Motivation continued

Book chapter flow chart.

Courtesy of Mario Triola, Essentials of Statistics, 6th edition

  • The flow chart at the left describes how these different tools fit together now.
  • Coin flipping is a process that we can:
    1. take samples of; and
    2. build a probabilistic model for.
  • Let us define \( x \) to be a variable that represents the number of heads that arise from two coin flips.
  • Each time we take a sample of two coin flips, \( x \) might have a different result.
    • Therefore, we call \( x \) to be a random variable that depends on the particular sample outcome.
  • In the top-horizontal box, we see the results from an experiment where a coin is flipped twice;
    • the experiment is repeated \( 110 \) times and the frequency that \( x \) takes the value,
      1. \( x=0 \) : occurs \( 27 \) times
      2. \( x=1 \) : occurs \( 56 \) times
      3. \( x=2 \) : occurs \( 17 \) times
    • is recorded in a fequency distribution.
    • Using the frequency distribution, we can compute the mean of \( x \) as \( \overline{x}=.9 \) and the standard deviation of \( x \), \( s=0.7 \).

Motivation continued

Book chapter flow chart.

Courtesy of Mario Triola, Essentials of Statistics, 6th edition

  • In the lower-horizontal box, we see how we construct an abstract, probabilistic model for \( x \).
  • In this case, we can compute exactly all the ways that:
    1. \( x=0 \) relative to all possible outcomes;
    2. \( x=1 \) relative to all possible outcomes;
    3. \( x=2 \) relative to all possible outcomes.
  • We know that
    • \( x=0 \) occurs only as \( \{T,T\} \);
    • \( x=1 \) occurs as \( \{T,H\} \) and \( \{H,T\} \); and
    • \( x=2 \) occurs only as \( \{H,H\} \).
  • Therefore, out of four possible outcomes we have that:
    1. \( P(0)=0.25 \)
    2. \( P(1)=0.5 \)
    3. \( P(2)=0.25 \)

Motivation continued

Book chapter flow chart.

Courtesy of Mario Triola, Essentials of Statistics, 6th edition

  • The box on the right then shows what we will call a probability distribution.
    • Instead of listing frequencies with values of \( x \), we will list the probabilities.
  • The probability distribution will be the theoretical, probabilistic model for how \( x \) behaves over the population.
  • Combining probabilities and sample statistics, we can estimate the true population mean \( \mu \) and true population standard deviation \( \sigma \).
  • Note: in the table it says that we “find” the parameters;
    • we can only “find” the paramters exactly in very simple examples like games of chance.
    • Generally, we will have to be satisfied with estimates of the parameters that are uncertain, but also include measures of “how uncertain”.

Random variables

Random variables are the numerical measure of the outcome of a random process.

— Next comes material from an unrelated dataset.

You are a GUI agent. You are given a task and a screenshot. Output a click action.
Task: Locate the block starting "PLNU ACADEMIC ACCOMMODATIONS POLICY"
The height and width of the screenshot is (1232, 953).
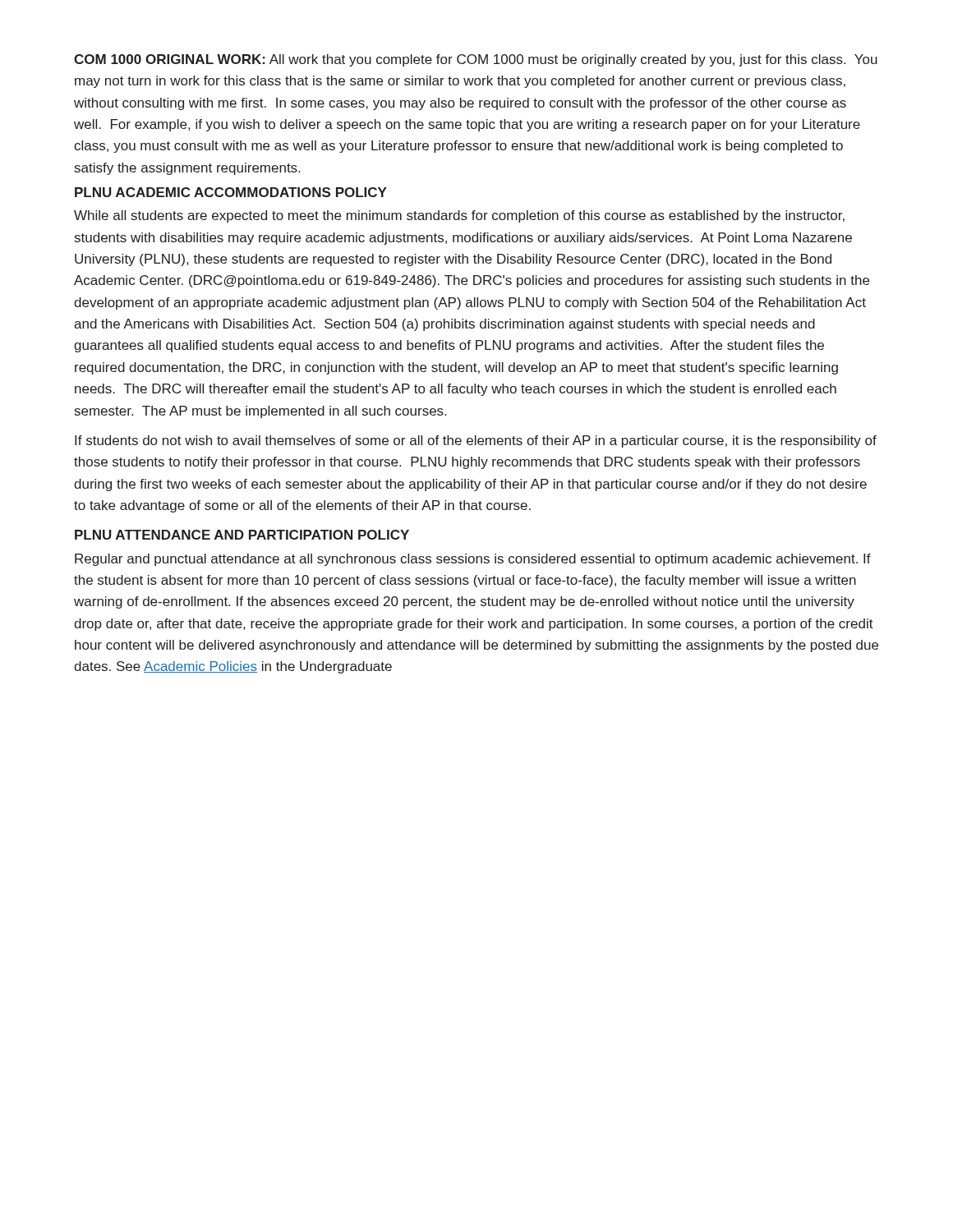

Courtesy of Ania Panorska CC

  • The first concept that we will need to develop is the random variable.
  • Prototypically, we can consider the coin flipping example from the motivation:
    • \( x \) is the number heads in two coin flips.
  • Every time we repeat two coin flips \( x \) can take a different value due to many possible factors:
    • how much force we apply in the flip;
    • air pressure;
    • wind speed;
    • etc…
  • The result is so sensitive to these factors that are beyond our ability to control, we consider the result to be by chance.
  • Before we flip the coin twice, the value of \( x \) has yet-to-be determined.
  • After we flip the coin twice, the value of \( x \) is fixed and possibly known.
  • Formally we will define:
    • Random variable – is a variable that has a single numerical value, determined by chance, for each outcome of a procedure.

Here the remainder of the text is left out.